Dh pays the bills, I put a small amount into the house but none of this is important to me as i would rather live in a small house and have control over who is there.

I have tonight thrown a fit with dh and told him which way our marriage is going. He fought ss's corner from every conceivable angle, including saying its normal for a child's girl/boyfriend to stay round. My reply was only when both 'parents' are in agreement. He has now backed down and asked me what is acceptable to me. I have told him one, max 2 nights a week. But i have no doubt they will get round that by staying other days and going back to hers at 1am, as they have done before. I have told Dh I mean business and I think he believes me. But yes, it hurts that he'll be doing it because his arm was twisted, not because he supported me. I have also told him that HAD he supported me with ss's behaviour long ago, we would have dealt with him together, and perhaps I now would be more accepting of the situation. So I have to admit I did get some pleasure in showing him that yes, for once in ss's life, there has been a consequence.

OP posts:
HappenstanceMarmite · 21/06/2015 21:00

Well done you OP. I hope your husband enforces this.

eddielizzard · 21/06/2015 21:12

well done. i would do the same in your situation.

HormonalHeap · 21/06/2015 21:31

Thank you both- I'm still in battle mode though and not getting excited till I see a result. Ss is going away tomorrow for entire summer working abroad, so I will have to wait to see any result. Having said that, I will sure enjoy the wait.

Thank all of you for your mostly helpful points of view, and also for not judging me as I am a step-mum. I have a close, loving relationship with my step daughter x

OP posts:
Nettletheelf · 21/06/2015 21:47

Best of luck, from one step mum to another.

Snoozybird · 21/06/2015 21:50

Well done Hormonal although I am sorry it is so tough for you, these confrontations leave a nasty taste don't they even when they're justified. I find it incredibly hard being a step parent myself and that is with a supportive DH!

Make sure you lay down some ground rules as to what happens on the 5 days the GF doesn't stay round otherwise it'll all be meaningless as you'll still be sharing your days/evenings with a stranger if she doesn't leave till 1am.

This is not your DSS's childhood home and as a 21yr old man he has no right to be there unless he can treat you civilly.

HormonalHeap · 21/06/2015 22:49

Thank you Nettletheelf Smile. Snoozy a supportive dh is better for your mental health. Funnily enough, when I once used the word 'stranger' with dh (I had only then met her on a few occasions) he hit the roof, saying how can she be a stranger when she's ss's girlfriend? It's almost as if he feels she's part of the family now.

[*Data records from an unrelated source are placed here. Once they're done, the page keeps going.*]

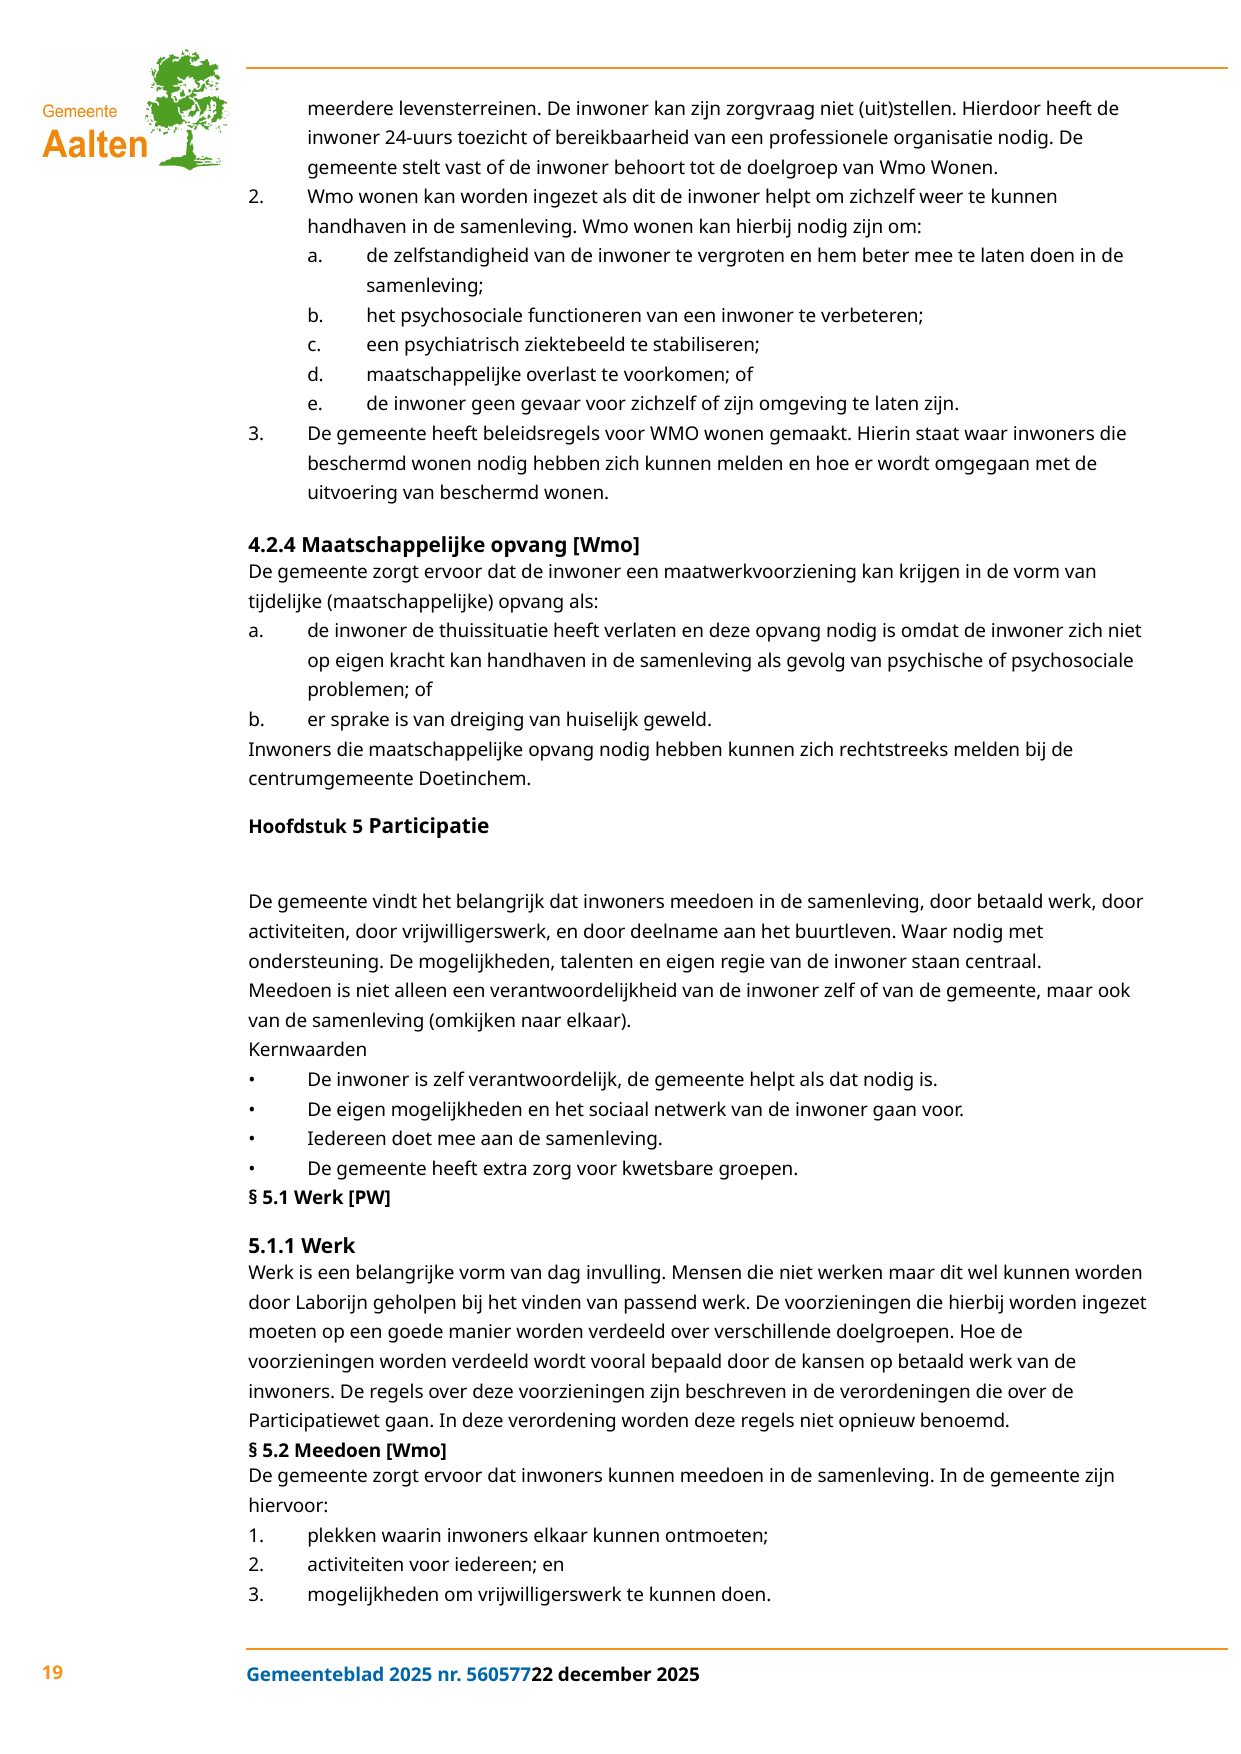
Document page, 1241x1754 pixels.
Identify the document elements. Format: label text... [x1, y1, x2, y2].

text 5.1.1 Werk [248, 1231, 1152, 1259]
list maatschappelijke overlast te voorkomen; of [307, 361, 1152, 387]
text 4.2.4 Maatschappelijke opvang [Wmo] [248, 530, 1152, 558]
list mogelijkheden om vrijwilligerswerk te kunnen doen. [248, 1581, 1152, 1607]
text De gemeente zorgt ervoor dat de inwoner een maatwerkvoorziening kan krijgen in de vorm van tijdelijke (maatschappelijke) opvang als: [248, 558, 1152, 613]
text De gemeente zorgt ervoor dat inwoners kunnen meedoen in de samenleving. In de gemeente zijn hiervoor: [248, 1463, 1152, 1518]
list de inwoner geen gevaar voor zichzelf of zijn omgeving te laten zijn. [307, 391, 1152, 416]
list Wmo wonen kan worden ingezet als dit de inwoner helpt om zichzelf weer te kunnen handhaven in de samenleving. Wmo wonen kan hierbij nodig zijn om: [248, 183, 1152, 239]
text § 5.2 Meedoen [Wmo] [248, 1437, 1152, 1463]
text Hoofdstuk 5 Participatie [248, 811, 1152, 839]
list De inwoner is zelf verantwoordelijk, de gemeente helpt als dat nodig is. [248, 1066, 1152, 1092]
list de inwoner de thuissituatie heeft verlaten en deze opvang nodig is omdat de inwoner zich niet op eigen kracht kan handhaven in de samenleving als gevolg van psychische of psychosociale problemen; of [248, 617, 1152, 702]
list het psychosociale functioneren van een inwoner te verbeteren; [307, 302, 1152, 328]
list er sprake is van dreiging van huiselijk geweld. [248, 706, 1152, 732]
list De eigen mogelijkheden en het sociaal netwerk van de inwoner gaan voor. [248, 1096, 1152, 1121]
list De gemeente heeft beleidsregels voor WMO wonen gemaakt. Hierin staat waar inwoners die beschermd wonen nodig hebben zich kunnen melden en hoe er wordt omgegaan met de uitvoering van beschermd wonen. [248, 420, 1152, 505]
text De gemeente vindt het belangrijk dat inwoners meedoen in de samenleving, door betaald werk, door activiteiten, door vrijwilligerswerk, en door deelname aan het buurtleven. Waar nodig met ondersteuning. De mogelijkheden, talenten en eigen regie van de inwoner staan centraal. [248, 889, 1152, 973]
list activiteiten voor iedereen; en [248, 1551, 1152, 1577]
list plekken waarin inwoners elkaar kunnen ontmoeten; [248, 1522, 1152, 1548]
text Meedoen is niet alleen een verantwoordelijkheid van de inwoner zelf of van de gemeente, maar ook van de samenleving (omkijken naar elkaar). [248, 977, 1152, 1033]
list Iedereen doet mee aan de samenleving. [248, 1125, 1152, 1151]
text § 5.1 Werk [PW] [248, 1184, 1152, 1210]
list een psychiatrisch ziektebeeld te stabiliseren; [307, 331, 1152, 357]
list de zelfstandigheid van de inwoner te vergroten en hem beter mee te laten doen in de samenleving; [307, 243, 1152, 298]
list meerdere levensterreinen. De inwoner kan zijn zorgvraag niet (uit)stellen. Hierdoor heeft de inwoner 24-uurs toezicht of bereikbaarheid van een professionele organisatie nodig. De gemeente stelt vast of de inwoner behoort tot de doelgroep van Wmo Wonen. [248, 95, 1152, 180]
text Werk is een belangrijke vorm van dag invulling. Mensen die niet werken maar dit wel kunnen worden door Laborijn geholpen bij het vinden van passend werk. De voorzieningen die hierbij worden ingezet moeten op een goede manier worden verdeeld over verschillende doelgroepen. Hoe de voorzieningen worden verdeeld wordt vooral bepaald door de kansen op betaald werk van de inwoners. De regels over deze voorzieningen zijn beschreven in de verordeningen die over de Participatiewet gaan. In deze verordening worden deze regels niet opnieuw benoemd. [248, 1259, 1152, 1433]
list De gemeente heeft extra zorg voor kwetsbare groepen. [248, 1155, 1152, 1181]
text Kernwaarden [248, 1037, 1152, 1062]
picture [41, 47, 231, 172]
text Inwoners die maatschappelijke opvang nodig hebben kunnen zich rechtstreeks melden bij de centrumgemeente Doetinchem. [248, 736, 1152, 791]

Just out of curiosity, I wonder why some posters said she shouldn't be allowed here when ss isn't.. I agree but am not sure quite why

OP posts:
PatsyNoPasta · 21/06/2015 23:01

Of course she is a bloody stranger! Just because she is the girlfriend doesn't make her part of the family. She shouldn't be allowed in your home when your ss isn't there BECAUSE she isn't part of the family and has no rights to be in the family home. She is a guest and should be entertained by her host - your ss. When he leaves, he must take her with him.